Он и не представлял, что когда-нибудь куда-то уйдет. В свои почти
восемнадцать он едва задумывался о том, что будет на следующей неделе. Но
он и не верил, что Дом думает, будто он будет жить там вечно и один.
Но после вчерашнего… он уже не был так уверен.
Гэвин мало знал о религии, – ему казалось, что люди вспоминают о ней, когда им нужно, и отрекаются, как только перестают в ней нуждаться, но он
помнил, как нашел старую Библию под расшатавшейся половицей в ванной. На
пол упал шарик из мрамора, укатился под деревянный шкаф, и он не успел
поймать игрушку. А камешек был его любимым – с вихрями полосок темно-
красного цвета – потому он опустился на пол, чтобы достать, прижал щеку к
холодному дереву и сунул руку в темноту и пыль. Его пальцы скользнули в
щель, где приподнялись две планки, и он нащупал потертую кожаную обложку
с тиснением. Гэвин вытащил находку, догадываясь, что не должен был брать
это. Бумага была тонкой, как лепестки цветка, и он удивился, как что-то может
быть таким хрупким и тяжелым.
Годами он читал по несколько отрывков за раз, в одиночку, сидя на краю
ванной.
«Я принадлежу возлюбленному моему, а возлюбленный мой – мне», Песнь
Песней 6:31. Несколько отрывков запали ему в душу, но этот – особенно. Ему
нравилось, что слова описывали отношение Дома к нему и его ответные
чувства. Они принадлежали друг другу. И изменение – легкое напряжение в
атмосфере – Гэвин почувствовал еще задолго до Дэлайлы; он знал: случится
что-то плохое. От этого ощущения у него сосало под ложечкой, покалывало
шею, а волоски на ней вставали дыбом. Страх покалывал спину, но не за себя, а
за Дэлайлу. Он боялся за нее. И при этом он должен был встретиться с ней –
А сейчас, склонившись над пианино в музыкальной комнате, он
пробежался по клавишам, а потом стер ластиком ряды нот на листке перед ним.
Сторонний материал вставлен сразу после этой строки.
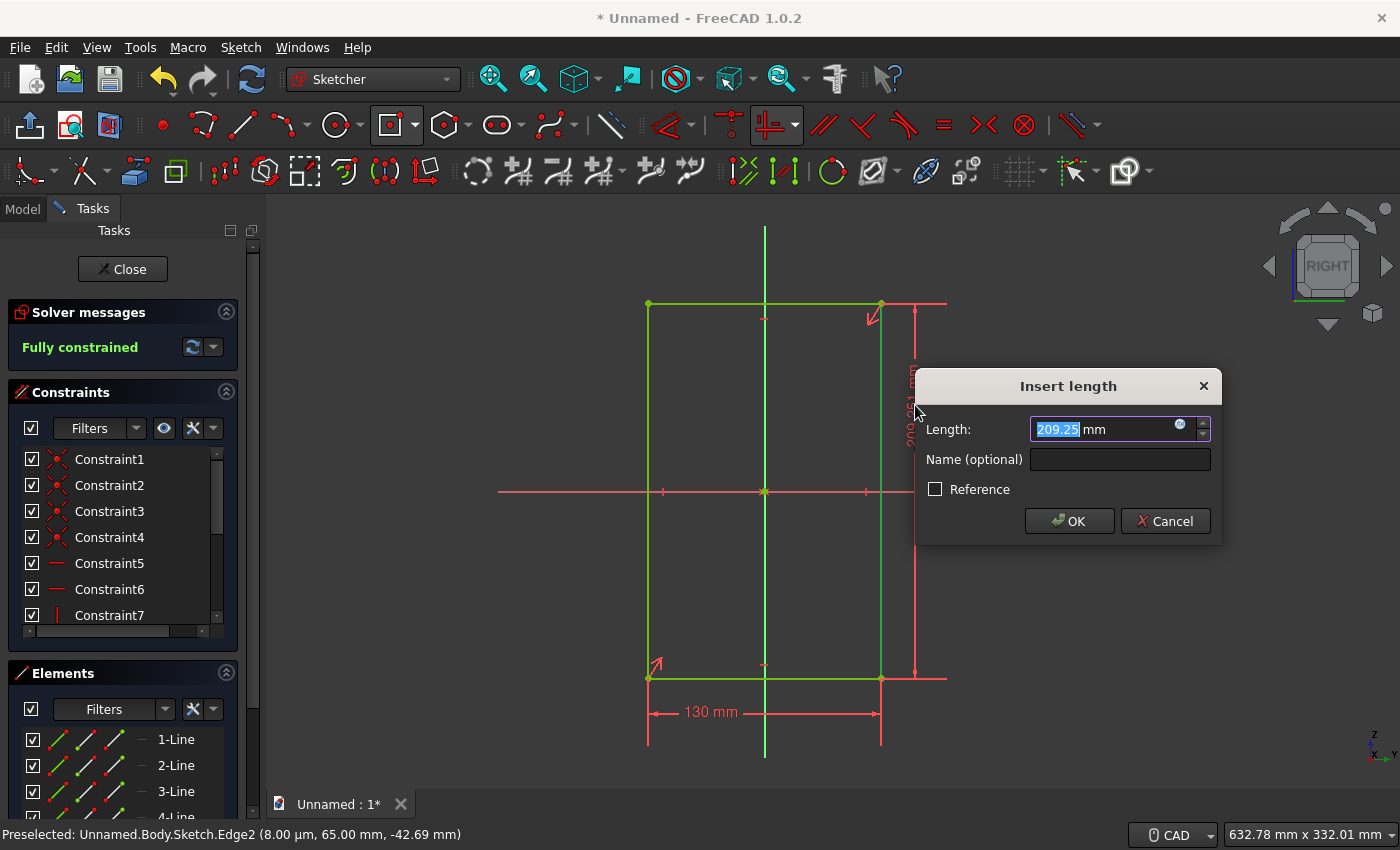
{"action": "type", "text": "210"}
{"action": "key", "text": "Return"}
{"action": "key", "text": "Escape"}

Набросав карандашом другие, сыграл новую комбинацию. В голове играла
совсем другая мелодия, но он порадовался, что был на верном пути. Гэвину
всегда удавались искусства, а его хобби – музыка и рисование – занимали почти
все свободное время. Хотя дома у него было прекрасное пианино, ему больше
нравилось уединение в этой комнате, нежели сочинение с Пианино, которое
угадывало его настроение и знало, что нужно играть, до того как он начинал.
Руки Гэвина замерли, когда за его спиной открылась и закрылась дверь.
Послышались приглушенные ковром шаги, и кто-то остановился недалеко от
него. Он оглянулся через плечо и встретился взглядом с Дэлайлой.
Он знал, что она беспокоится за него, но не был готов к уколу вины, когда
посмотрел на нее. Она выглядела уставшей. У нее слипались глаза, а под ними
залегли темные круги. Ее светло-каштановые волосы были не заплетены в косу, а обрамляли ее лицо густыми волнами. Пальцы покалывало от желания
отодвинуть ее волосы, почувствовать, как они будут намотаны на его кулак. Он
задумался, знала ли она, насколько старше сейчас выглядит – не как подросток, а как женщина, со страстью и огнем, вызывавшем желание ее защитить, которое
его потрясло – знала ли, как сильно он хотел поцеловать ее. И не только.
Почувствовав себя неловко от его взгляда, Дэлайла перекинула волосы на
одно плечо и принялась их заплетать.
– Спешила утром, – объяснила она.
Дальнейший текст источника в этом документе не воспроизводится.